── STORED DATA
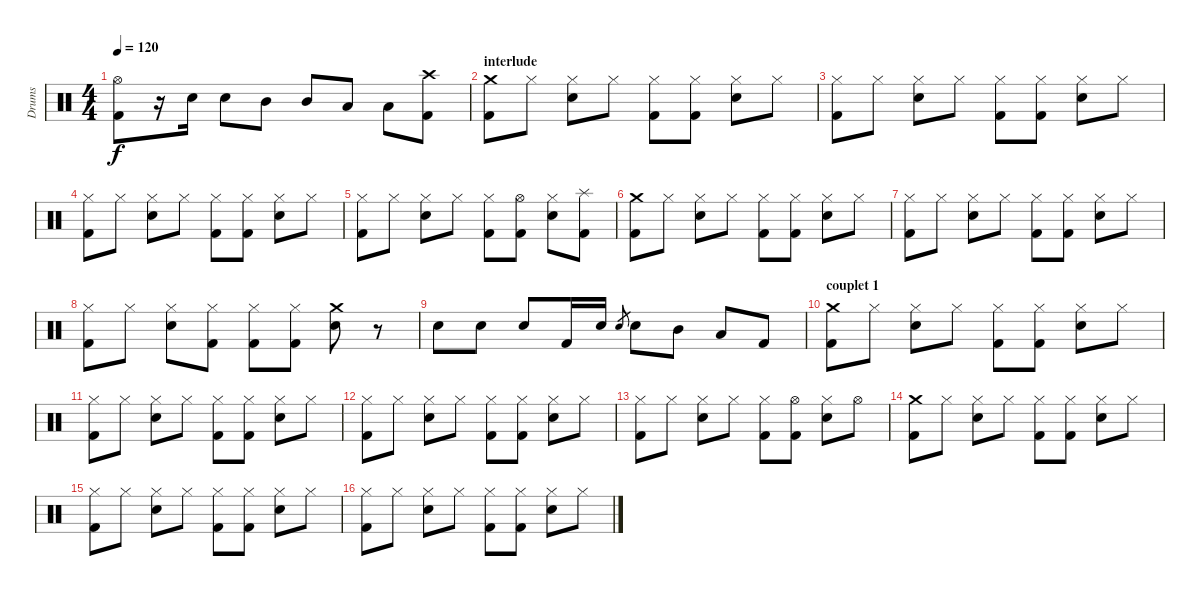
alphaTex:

\track ("Drums" "Drums") {instrument percussion}
\staff {score}
\articulation defaults
\ts (4 4)
\tempo 120
\clef neutral
\ks c
("Hi-Hat (open)" "Kick (hit) 2").8{dy f} r.16 "Snare (hit) 2".16 "Snare (hit) 2".8 "Mid Tom (hit)".8 "Mid Tom (hit)".8 "Low Tom (hit)".8 "Low Tom (hit)".8 ("Crash high (hit)" "Kick (hit) 2").8 |
\section ("" "interlude")
("Crash medium (hit)" "Kick (hit) 2").8 "Hi-Hat (closed)".8 ("Hi-Hat (closed)" "Snare (hit) 2").8 "Hi-Hat (closed)".8 ("Hi-Hat (closed)" "Kick (hit) 2").8 ("Hi-Hat (closed)" "Kick (hit) 2").8 ("Hi-Hat (closed)" "Snare (hit) 2").8 "Hi-Hat (closed)".8 |
("Hi-Hat (closed)" "Kick (hit) 2").8 "Hi-Hat (closed)".8 ("Hi-Hat (closed)" "Snare (hit) 2").8 "Hi-Hat (closed)".8 ("Hi-Hat (closed)" "Kick (hit) 2").8 ("Hi-Hat (closed)" "Kick (hit) 2").8 ("Hi-Hat (closed)" "Snare (hit) 2").8 "Hi-Hat (closed)".8 |
("Hi-Hat (closed)" "Kick (hit) 2").8 "Hi-Hat (closed)".8 ("Hi-Hat (closed)" "Snare (hit) 2").8 "Hi-Hat (closed)".8 ("Hi-Hat (closed)" "Kick (hit) 2").8 ("Hi-Hat (closed)" "Kick (hit) 2").8 ("Hi-Hat (closed)" "Snare (hit) 2").8 "Hi-Hat (closed)".8 |
("Hi-Hat (closed)" "Kick (hit) 2").8 "Hi-Hat (closed)".8 ("Hi-Hat (closed)" "Snare (hit) 2").8 "Hi-Hat (closed)".8 ("Hi-Hat (closed)" "Kick (hit) 2").8 ("Hi-Hat (open)" "Kick (hit) 2").8 ("Hi-Hat (closed)" "Snare (hit) 2").8 ("Splash (hit)" "Kick (hit) 2").8 |
("Crash medium (hit)" "Kick (hit) 2").8 "Hi-Hat (closed)".8 ("Hi-Hat (closed)" "Snare (hit) 2").8 "Hi-Hat (closed)".8 ("Hi-Hat (closed)" "Kick (hit) 2").8 ("Hi-Hat (closed)" "Kick (hit) 2").8 ("Hi-Hat (closed)" "Snare (hit) 2").8 "Hi-Hat (closed)".8 |
("Hi-Hat (closed)" "Kick (hit) 2").8 "Hi-Hat (closed)".8 ("Hi-Hat (closed)" "Snare (hit) 2").8 "Hi-Hat (closed)".8 ("Hi-Hat (closed)" "Kick (hit) 2").8 ("Hi-Hat (closed)" "Kick (hit) 2").8 ("Hi-Hat (closed)" "Snare (hit) 2").8 "Hi-Hat (closed)".8 |
("Hi-Hat (closed)" "Kick (hit) 2").8 "Hi-Hat (closed)".8 ("Hi-Hat (closed)" "Snare (hit) 2").8 ("Hi-Hat (closed)" "Kick (hit) 2").8 ("Hi-Hat (closed)" "Kick (hit) 2").8 ("Hi-Hat (closed)" "Kick (hit) 2").8 ("Crash medium (hit)" "Snare (hit) 2").8 r.8 |
"Snare (hit) 2".8 "Snare (hit) 2".8 "Snare (hit) 2".8 "Kick (hit) 2".16 "Snare (hit) 2".16 "Snare (hit) 2".8{gr} "Snare (hit) 2".8 "Mid Tom (hit)".8 "Low Tom (hit)".8 "Kick (hit) 2".8 |
\section ("" "couplet 1")
("Crash medium (hit)" "Kick (hit) 2").8 "Hi-Hat (closed)".8 ("Hi-Hat (closed)" "Snare (hit) 2").8 "Hi-Hat (closed)".8 ("Hi-Hat (closed)" "Kick (hit) 2").8 ("Hi-Hat (closed)" "Kick (hit) 2").8 ("Hi-Hat (closed)" "Snare (hit) 2").8 "Hi-Hat (closed)".8 |
("Hi-Hat (closed)" "Kick (hit) 2").8 "Hi-Hat (closed)".8 ("Hi-Hat (closed)" "Snare (hit) 2").8 "Hi-Hat (closed)".8 ("Hi-Hat (closed)" "Kick (hit) 2").8 ("Hi-Hat (closed)" "Kick (hit) 2").8 ("Hi-Hat (closed)" "Snare (hit) 2").8 "Hi-Hat (closed)".8 |
("Hi-Hat (closed)" "Kick (hit) 2").8 "Hi-Hat (closed)".8 ("Hi-Hat (closed)" "Snare (hit) 2").8 "Hi-Hat (closed)".8 ("Hi-Hat (closed)" "Kick (hit) 2").8 ("Hi-Hat (closed)" "Kick (hit) 2").8 ("Hi-Hat (closed)" "Snare (hit) 2").8 "Hi-Hat (closed)".8 |
("Hi-Hat (closed)" "Kick (hit) 2").8 "Hi-Hat (closed)".8 ("Hi-Hat (closed)" "Snare (hit) 2").8 "Hi-Hat (closed)".8 ("Hi-Hat (closed)" "Kick (hit) 2").8 ("Hi-Hat (open)" "Kick (hit) 2").8 ("Hi-Hat (closed)" "Snare (hit) 2").8 "Hi-Hat (open)".8 |
("Crash medium (hit)" "Kick (hit) 2").8 "Hi-Hat (closed)".8 ("Hi-Hat (closed)" "Snare (hit) 2").8 "Hi-Hat (closed)".8 ("Hi-Hat (closed)" "Kick (hit) 2").8 ("Hi-Hat (closed)" "Kick (hit) 2").8 ("Hi-Hat (closed)" "Snare (hit) 2").8 "Hi-Hat (closed)".8 |
("Hi-Hat (closed)" "Kick (hit) 2").8 "Hi-Hat (closed)".8 ("Hi-Hat (closed)" "Snare (hit) 2").8 "Hi-Hat (closed)".8 ("Hi-Hat (closed)" "Kick (hit) 2").8 ("Hi-Hat (closed)" "Kick (hit) 2").8 ("Hi-Hat (closed)" "Snare (hit) 2").8 "Hi-Hat (closed)".8 |
("Hi-Hat (closed)" "Kick (hit) 2").8 "Hi-Hat (closed)".8 ("Hi-Hat (closed)" "Snare (hit) 2").8 "Hi-Hat (closed)".8 ("Hi-Hat (closed)" "Kick (hit) 2").8 ("Hi-Hat (closed)" "Kick (hit) 2").8 ("Hi-Hat (closed)" "Snare (hit) 2").8 "Hi-Hat (closed)".8
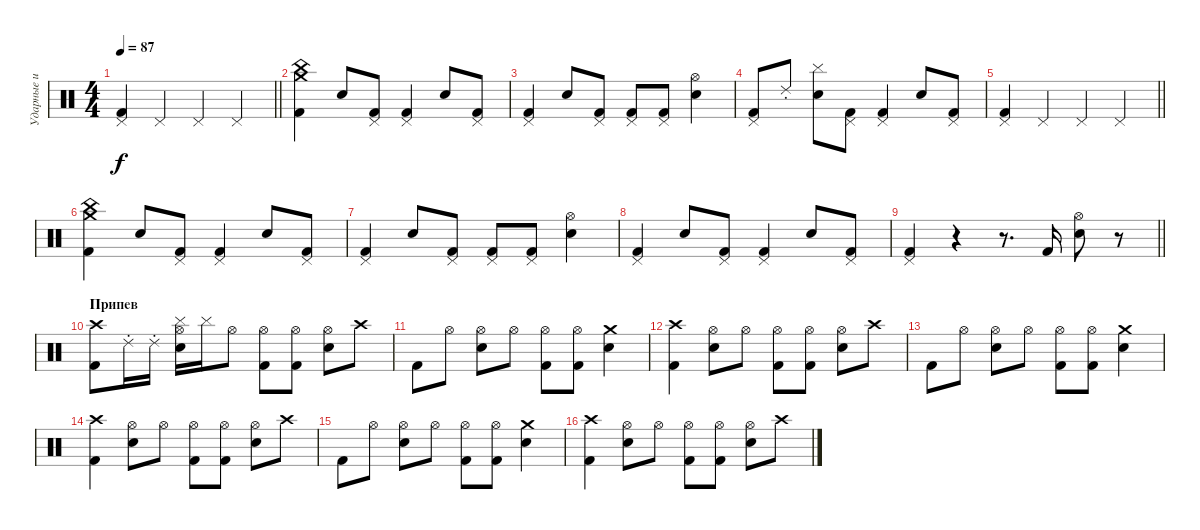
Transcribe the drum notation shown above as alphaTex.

\track ("Ударные и Скрэтч" "Ударные и ") {instrument percussion}
\staff {score}
\articulation defaults
\ts (4 4)
\tempo 87
\clef neutral
\barLineRight lightlight
\ks c
("Kick (hit) 2" "Pedal Hi-Hat (hit)").4{dy f} "Pedal Hi-Hat (hit)".4 "Pedal Hi-Hat (hit)".4 "Pedal Hi-Hat (hit)".4 |
("Kick (hit) 2" "Crash medium (hit)" "China (hit)").4 "Electric Snare (hit)".8 ("Kick (hit) 2" "Pedal Hi-Hat (hit)").8 ("Kick (hit) 2" "Pedal Hi-Hat (hit)").4 "Electric Snare (hit)".8 ("Kick (hit) 2" "Pedal Hi-Hat (hit)").8 |
("Kick (hit) 2" "Pedal Hi-Hat (hit)").4 "Electric Snare (hit)".8 ("Kick (hit) 2" "Pedal Hi-Hat (hit)").8 ("Kick (hit) 2" "Pedal Hi-Hat (hit)").8 ("Kick (hit) 2" "Pedal Hi-Hat (hit)").8 ("Electric Snare (hit)" "Hi-Hat (open)").4 |
("Kick (hit) 2" "Pedal Hi-Hat (hit)").8 "Ride (choke) 2".8 ("Electric Snare (hit)" "Cymbal (hit)").8 ("Kick (hit) 2" "Pedal Hi-Hat (hit)").8 ("Kick (hit) 2" "Pedal Hi-Hat (hit)").4 "Electric Snare (hit)".8 ("Kick (hit) 2" "Pedal Hi-Hat (hit)").8 |
\barLineRight lightlight
("Kick (hit) 2" "Pedal Hi-Hat (hit)").4 "Pedal Hi-Hat (hit)".4 "Pedal Hi-Hat (hit)".4 "Pedal Hi-Hat (hit)".4 |
("Kick (hit) 2" "Crash medium (hit)" "China (hit)").4 "Electric Snare (hit)".8 ("Kick (hit) 2" "Pedal Hi-Hat (hit)").8 ("Kick (hit) 2" "Pedal Hi-Hat (hit)").4 "Electric Snare (hit)".8 ("Kick (hit) 2" "Pedal Hi-Hat (hit)").8 |
("Kick (hit) 2" "Pedal Hi-Hat (hit)").4 "Electric Snare (hit)".8 ("Kick (hit) 2" "Pedal Hi-Hat (hit)").8 ("Kick (hit) 2" "Pedal Hi-Hat (hit)").8 ("Kick (hit) 2" "Pedal Hi-Hat (hit)").8 ("Electric Snare (hit)" "Hi-Hat (open)").4 |
("Kick (hit) 2" "Pedal Hi-Hat (hit)").4 "Electric Snare (hit)".8 ("Kick (hit) 2" "Pedal Hi-Hat (hit)").8 ("Kick (hit) 2" "Pedal Hi-Hat (hit)").4 "Electric Snare (hit)".8 ("Kick (hit) 2" "Pedal Hi-Hat (hit)").8 |
\barLineRight lightlight
("Kick (hit) 2" "Pedal Hi-Hat (hit)").4 r.4 r.8{d} "Kick (hit) 2".16 ("Electric Snare (hit)" "Hi-Hat (open)").8 r.8 |
\section ("" "Припев")
("Kick (hit) 2" "Crash high (hit)").8 "Ride (choke) 2".16 "Ride (choke) 2".16 ("Electric Snare (hit)" "Hi-Hat (open)" "Cymbal (hit)").16 "Cymbal (hit)".16 "Hi-Hat (open)".8 ("Kick (hit) 2" "Hi-Hat (open)").8 ("Kick (hit) 2" "Hi-Hat (open)").8 ("Electric Snare (hit)" "Hi-Hat (open)").8 "Crash high (hit)".8 |
"Kick (hit) 2".8 "Hi-Hat (open)".8 ("Electric Snare (hit)" "Hi-Hat (open)").8 "Hi-Hat (open)".8 ("Kick (hit) 2" "Hi-Hat (open)").8 ("Kick (hit) 2" "Hi-Hat (open)").8 ("Electric Snare (hit)" "Crash medium (hit)").4 |
("Kick (hit) 2" "Crash high (hit)").4 ("Electric Snare (hit)" "Hi-Hat (open)").8 "Hi-Hat (open)".8 ("Kick (hit) 2" "Hi-Hat (open)").8 ("Kick (hit) 2" "Hi-Hat (open)").8 ("Electric Snare (hit)" "Hi-Hat (open)").8 "Crash high (hit)".8 |
"Kick (hit) 2".8 "Hi-Hat (open)".8 ("Electric Snare (hit)" "Hi-Hat (open)").8 "Hi-Hat (open)".8 ("Kick (hit) 2" "Hi-Hat (open)").8 ("Kick (hit) 2" "Hi-Hat (open)").8 ("Electric Snare (hit)" "Crash medium (hit)").4 |
("Kick (hit) 2" "Crash high (hit)").4 ("Electric Snare (hit)" "Hi-Hat (open)").8 "Hi-Hat (open)".8 ("Kick (hit) 2" "Hi-Hat (open)").8 ("Kick (hit) 2" "Hi-Hat (open)").8 ("Electric Snare (hit)" "Hi-Hat (open)").8 "Crash high (hit)".8 |
"Kick (hit) 2".8 "Hi-Hat (open)".8 ("Electric Snare (hit)" "Hi-Hat (open)").8 "Hi-Hat (open)".8 ("Kick (hit) 2" "Hi-Hat (open)").8 ("Kick (hit) 2" "Hi-Hat (open)").8 ("Electric Snare (hit)" "Crash medium (hit)").4 |
("Kick (hit) 2" "Crash high (hit)").4 ("Electric Snare (hit)" "Hi-Hat (open)").8 "Hi-Hat (open)".8 ("Kick (hit) 2" "Hi-Hat (open)").8 ("Kick (hit) 2" "Hi-Hat (open)").8 ("Electric Snare (hit)" "Hi-Hat (open)").8 "Crash high (hit)".8
────
* [EXERCISE DESCRIPTION]:
Each line in which the string "alphaTex" is found must be copied from the data.

* [THE ANSWER]:
alphaTex:
Transcribe the drum notation shown above as alphaTex.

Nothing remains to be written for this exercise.